Entscheider-Interview - „Zu viel Wahlkampf, zu wenig Handeln“
Kein Plüschsofa, keine hochwertige Kunst im Büro des Chefs der Bonner Virologie. Die Farbtupfer in Streecks Büro bilden die hängenden Masken. © Sarah Larissa Heuser

Der Virologe Hendrik Streeck sagt, was er denkt. Damit polarisiert er. Was er anders machen würde, und warum er ein neues Medikament für einen gefährlichen „Gamechanger“ im Kampf gegen Corona hält, verrät er im Interview.

Björn Lange01.02.2022

Wie eine eigene kleine Stadt thront das Universitätsklinikum auf dem Bonner Venusberg. Hat man Gebäude 63 gefunden, ist man nur noch ein Stockwerk und etwas Wartezeit von einem der derzeit gefragtesten Deutschen entfernt. Im Büro von Hendrik Streeck hängen Dutzende Coronamasken in allen Größen, Formen und Farben girlandenartig an der Wand. Streeck nimmt seinen weißen Kittel vom Konferenztisch, wirft ihn auf ein Schränkchen, dann geht’s los.

Herr Streeck, Delta ist längst nicht besiegt, da rollt Omikron über uns hinweg. War nach den Winterferien mit einem so großen Anstieg der Inzidenzen zu rechnen?

Ja, damit war zu rechnen, und zwar aus drei Gründen.
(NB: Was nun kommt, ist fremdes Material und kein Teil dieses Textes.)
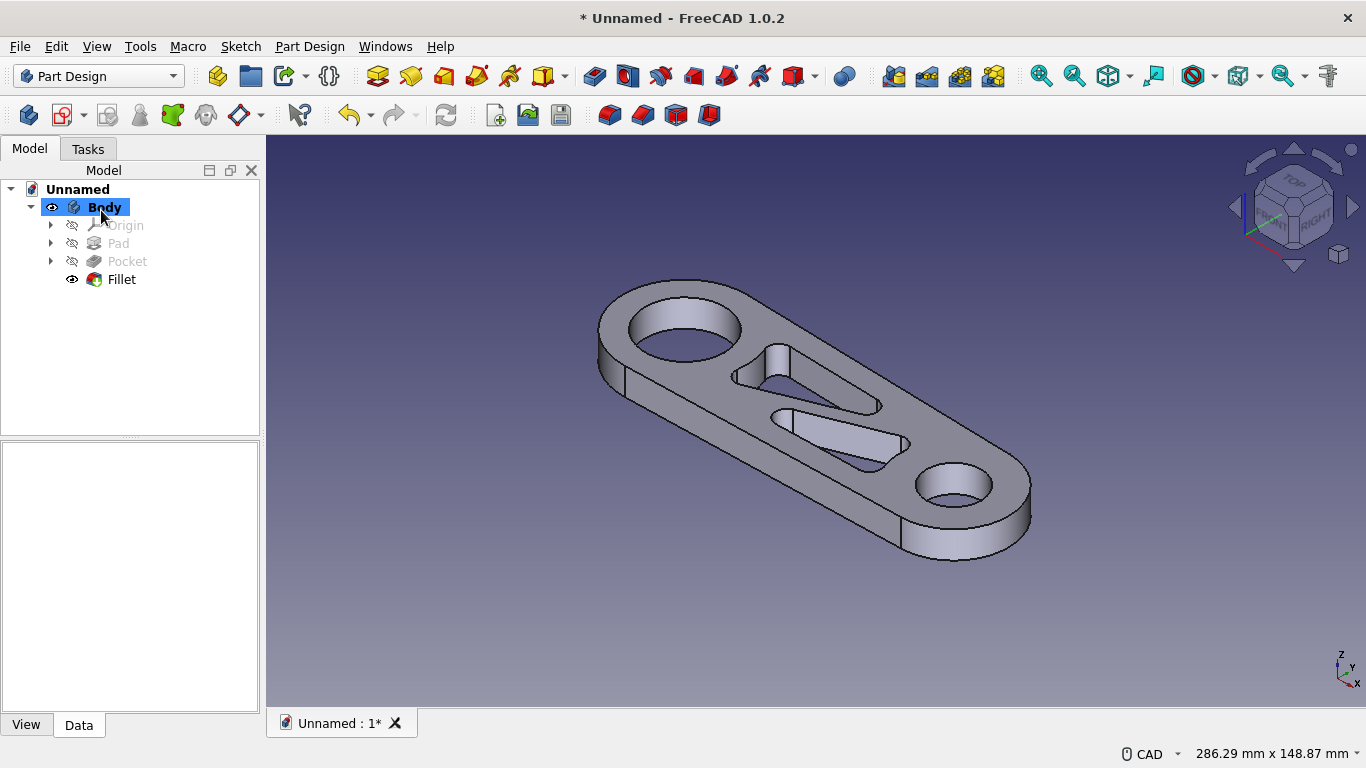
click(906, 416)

Erstens kam der Anstieg, weil wir nach den Ferien wieder routinemäßig mehr getestet haben – etwa in Schulen. Zweitens, weil sich die Menschen über die Feiertage getroffen und gegenseitig infiziert haben. Und drittens haben wir Virologen ohnehin mit einer starken Welle gerechnet, weil Omikron ganz sicher die dominierende Variante werden würde. Das muss nicht so bleiben, es werden neue kommen, aber wir dürfen uns davon nicht überraschen lassen. Wie sich das genau auf die Krankenhäuser und Intensivstationen auswirken wird, können wir noch nicht sagen.

Weshalb ist die Datenlage so unübersichtlich?

Der Fehler war von Anfang an, dass wir uns keine gute Datenlage verschafft haben. Wir müssten Stichproben machen, eine echte epidemiologische Inzidenzbestimmung. Die Engländer testen einmal im Monat 150.000 Menschen unabhängig vom Impfstatus, erheben die Berufsgruppen und so weiter. Dadurch erhalten sie eine sehr genaue Datenlage. Die Protokolle, um solche Studien durchzuführen, liegen längst beim RKI in der Schublade. Niemand weiß, warum wir sie nicht umsetzen. Jetzt haben wir das Problem, dass wir von den Testungen und Testkapazitäten abhängig sind. In Deutschland werden pro Woche etwa 1,4 Millionen Menschen mittels PCR getestet, von denen sind durchschnittlich 16 Prozent positiv. Über die Weihnachtsfeiertage gab es pro Woche nur etwa 900.000 Tests, aber der Anteil der positiv Getesteten ist direkt auf 22 Prozent gestiegen. Ist das jetzt die Omikron-Welle oder wurden verhältnismäßig mehr Symptomatische getestet? Solche Fragen kann man dann nicht genau beantworten.

Wenn darüber gesprochen wird, wie Omikron in den Griff zu bekommen ist, heißt es immer: Impfen, Maske tragen und 2G- oder 3G-Regel durchsetzen. Ich stelle aber fest, dass immer weniger Menschen bereit sind, Masken zu tragen, zum Beispiel Jugendliche in öffentlichen Verkehrsmitteln. Dort wird auch kaum kontrolliert. Bahnen und Züge sind praktisch rollende Petrischalen, in denen offenbar 0G gilt. 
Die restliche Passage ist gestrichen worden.